Love your attitude—-both submitting early, and learning from submitting too early. Mind giving us f-expression virgins a note or two on why they’re awesome?
I can try, though as the night wears on my brain gets fuzzier...
Basically, f-expressions unify macros and functions. This combined thing is called a "combiner". It works by being different from a macro/function in two main ways: 1) It has a "wrap level" that encodes how many times arguments to this combiner should be evaluated when it is called and 2) it has an extra parameter that receives the dynamic calling environment when the combiner is called. A normal function is simply a combiner with a wrap level of 1 and ignores the dynamic environment parameter. A macro is a combiner with a wrap level of 0 and first constructs new code out of the passed regular parameters before evaluating the entire thing using the dynamic environment that was passed in (using an eval function, like you would find in JS or Python).
The cool bit is that these are all first class, available at runtime, and subsume not only functions and macros but also all special forms in the language! "if" and "let" and "while" can all be normal combiners (albeit built-in ones), and you can define new ones as easily as writing a function would be.
This makes the language much simpler and uniform while gaining expressive power, and fixes a lot of rough edges. (For instance, you can't do the equivalent of "(map and '(true false true true))" in Scheme, because "and" is a macro and thus can't be passed to higher-order functions. It can work just fine in a language built around f-expressions, though!)
The major downside to f-expressions is that they tend to be unbearably slow, since they (normally) prevent pretty much all optimization and remain to re-run over and over at runtime (unlike macros which would be expanded once into new code, and permit optimization and compilation after that).
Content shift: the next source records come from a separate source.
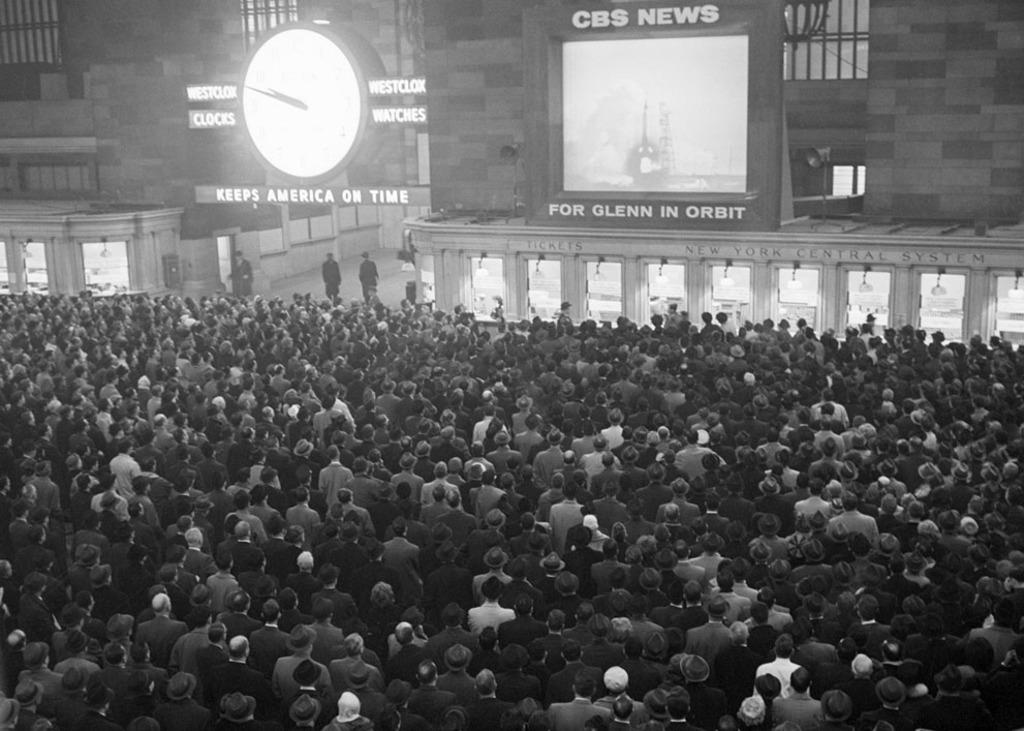What are the people in the image doing? The people in the image are watching the news. Can you describe the clock in the image? There is a white color clock on the left side of the image. What type of base is supporting the dog in the image? There is no dog present in the image, so there is no base supporting a dog. 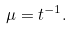Convert formula to latex. <formula><loc_0><loc_0><loc_500><loc_500>\mu = t ^ { - 1 } .</formula> 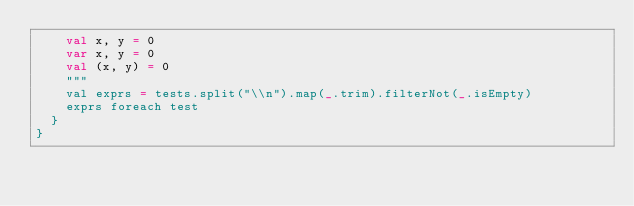<code> <loc_0><loc_0><loc_500><loc_500><_Scala_>    val x, y = 0
    var x, y = 0
    val (x, y) = 0
    """
    val exprs = tests.split("\\n").map(_.trim).filterNot(_.isEmpty)
    exprs foreach test
  }
}
</code> 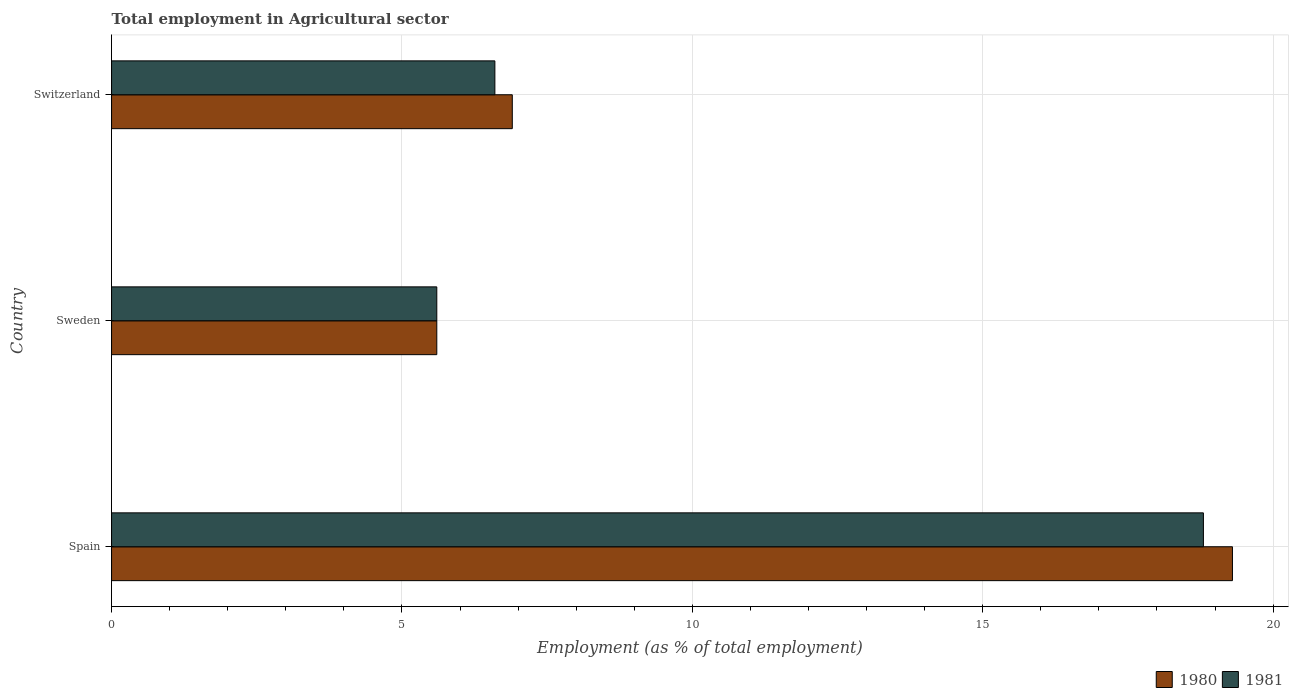How many groups of bars are there?
Your answer should be compact. 3. Are the number of bars per tick equal to the number of legend labels?
Provide a short and direct response. Yes. Are the number of bars on each tick of the Y-axis equal?
Ensure brevity in your answer.  Yes. How many bars are there on the 1st tick from the top?
Your response must be concise. 2. How many bars are there on the 3rd tick from the bottom?
Make the answer very short. 2. What is the label of the 2nd group of bars from the top?
Provide a short and direct response. Sweden. What is the employment in agricultural sector in 1981 in Switzerland?
Your answer should be very brief. 6.6. Across all countries, what is the maximum employment in agricultural sector in 1980?
Your response must be concise. 19.3. Across all countries, what is the minimum employment in agricultural sector in 1980?
Provide a succinct answer. 5.6. In which country was the employment in agricultural sector in 1981 maximum?
Keep it short and to the point. Spain. In which country was the employment in agricultural sector in 1980 minimum?
Your answer should be very brief. Sweden. What is the total employment in agricultural sector in 1980 in the graph?
Keep it short and to the point. 31.8. What is the difference between the employment in agricultural sector in 1980 in Sweden and that in Switzerland?
Ensure brevity in your answer.  -1.3. What is the difference between the employment in agricultural sector in 1980 in Switzerland and the employment in agricultural sector in 1981 in Sweden?
Your answer should be very brief. 1.3. What is the average employment in agricultural sector in 1981 per country?
Give a very brief answer. 10.33. What is the difference between the employment in agricultural sector in 1981 and employment in agricultural sector in 1980 in Sweden?
Offer a very short reply. 0. What is the ratio of the employment in agricultural sector in 1981 in Sweden to that in Switzerland?
Provide a short and direct response. 0.85. Is the employment in agricultural sector in 1980 in Spain less than that in Switzerland?
Make the answer very short. No. What is the difference between the highest and the second highest employment in agricultural sector in 1980?
Your answer should be very brief. 12.4. What is the difference between the highest and the lowest employment in agricultural sector in 1981?
Keep it short and to the point. 13.2. What does the 2nd bar from the bottom in Spain represents?
Keep it short and to the point. 1981. How many bars are there?
Provide a short and direct response. 6. Are all the bars in the graph horizontal?
Give a very brief answer. Yes. Are the values on the major ticks of X-axis written in scientific E-notation?
Your response must be concise. No. How are the legend labels stacked?
Keep it short and to the point. Horizontal. What is the title of the graph?
Provide a short and direct response. Total employment in Agricultural sector. What is the label or title of the X-axis?
Provide a succinct answer. Employment (as % of total employment). What is the label or title of the Y-axis?
Ensure brevity in your answer.  Country. What is the Employment (as % of total employment) in 1980 in Spain?
Make the answer very short. 19.3. What is the Employment (as % of total employment) of 1981 in Spain?
Ensure brevity in your answer.  18.8. What is the Employment (as % of total employment) in 1980 in Sweden?
Your response must be concise. 5.6. What is the Employment (as % of total employment) in 1981 in Sweden?
Your response must be concise. 5.6. What is the Employment (as % of total employment) of 1980 in Switzerland?
Offer a terse response. 6.9. What is the Employment (as % of total employment) in 1981 in Switzerland?
Keep it short and to the point. 6.6. Across all countries, what is the maximum Employment (as % of total employment) of 1980?
Offer a very short reply. 19.3. Across all countries, what is the maximum Employment (as % of total employment) in 1981?
Provide a succinct answer. 18.8. Across all countries, what is the minimum Employment (as % of total employment) of 1980?
Provide a succinct answer. 5.6. Across all countries, what is the minimum Employment (as % of total employment) of 1981?
Ensure brevity in your answer.  5.6. What is the total Employment (as % of total employment) in 1980 in the graph?
Offer a terse response. 31.8. What is the difference between the Employment (as % of total employment) of 1980 in Spain and that in Sweden?
Keep it short and to the point. 13.7. What is the difference between the Employment (as % of total employment) of 1980 in Spain and that in Switzerland?
Your answer should be very brief. 12.4. What is the difference between the Employment (as % of total employment) of 1980 in Sweden and that in Switzerland?
Make the answer very short. -1.3. What is the difference between the Employment (as % of total employment) of 1981 in Sweden and that in Switzerland?
Provide a succinct answer. -1. What is the average Employment (as % of total employment) in 1981 per country?
Your answer should be very brief. 10.33. What is the ratio of the Employment (as % of total employment) in 1980 in Spain to that in Sweden?
Keep it short and to the point. 3.45. What is the ratio of the Employment (as % of total employment) of 1981 in Spain to that in Sweden?
Your response must be concise. 3.36. What is the ratio of the Employment (as % of total employment) in 1980 in Spain to that in Switzerland?
Keep it short and to the point. 2.8. What is the ratio of the Employment (as % of total employment) in 1981 in Spain to that in Switzerland?
Give a very brief answer. 2.85. What is the ratio of the Employment (as % of total employment) in 1980 in Sweden to that in Switzerland?
Your answer should be very brief. 0.81. What is the ratio of the Employment (as % of total employment) in 1981 in Sweden to that in Switzerland?
Your answer should be very brief. 0.85. What is the difference between the highest and the second highest Employment (as % of total employment) in 1981?
Your answer should be very brief. 12.2. What is the difference between the highest and the lowest Employment (as % of total employment) in 1981?
Offer a very short reply. 13.2. 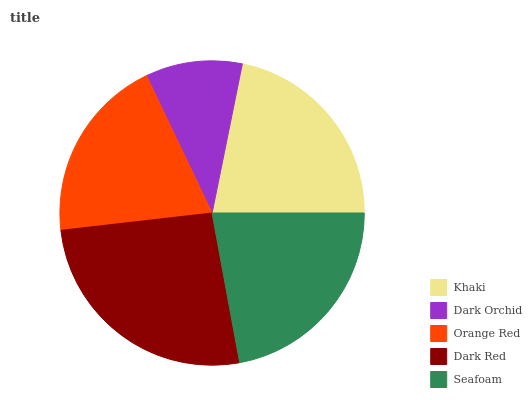Is Dark Orchid the minimum?
Answer yes or no. Yes. Is Dark Red the maximum?
Answer yes or no. Yes. Is Orange Red the minimum?
Answer yes or no. No. Is Orange Red the maximum?
Answer yes or no. No. Is Orange Red greater than Dark Orchid?
Answer yes or no. Yes. Is Dark Orchid less than Orange Red?
Answer yes or no. Yes. Is Dark Orchid greater than Orange Red?
Answer yes or no. No. Is Orange Red less than Dark Orchid?
Answer yes or no. No. Is Khaki the high median?
Answer yes or no. Yes. Is Khaki the low median?
Answer yes or no. Yes. Is Dark Red the high median?
Answer yes or no. No. Is Dark Red the low median?
Answer yes or no. No. 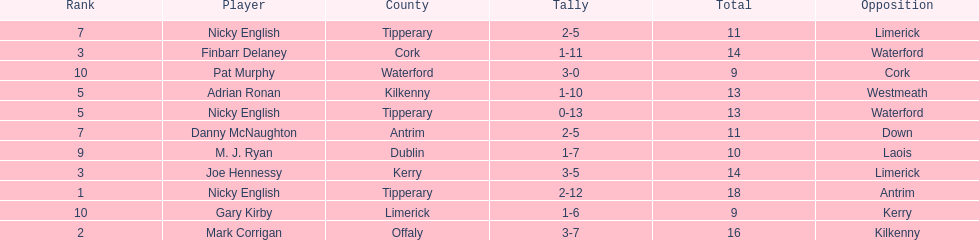What player got 10 total points in their game? M. J. Ryan.

I've managed to create a partial evaluator + compiler for f-expressions in a pure functional language that can remove most of the overhead for f-expressions that fall in the function-like and macro-like categories, resulting in a reasonably fast language where only the more exotic f-expressions fall back to slower interpretation. Writing it up in an academic paper is proving to be almost as hard and time consuming as solving the problem in the first place, but it'll get there, eventually.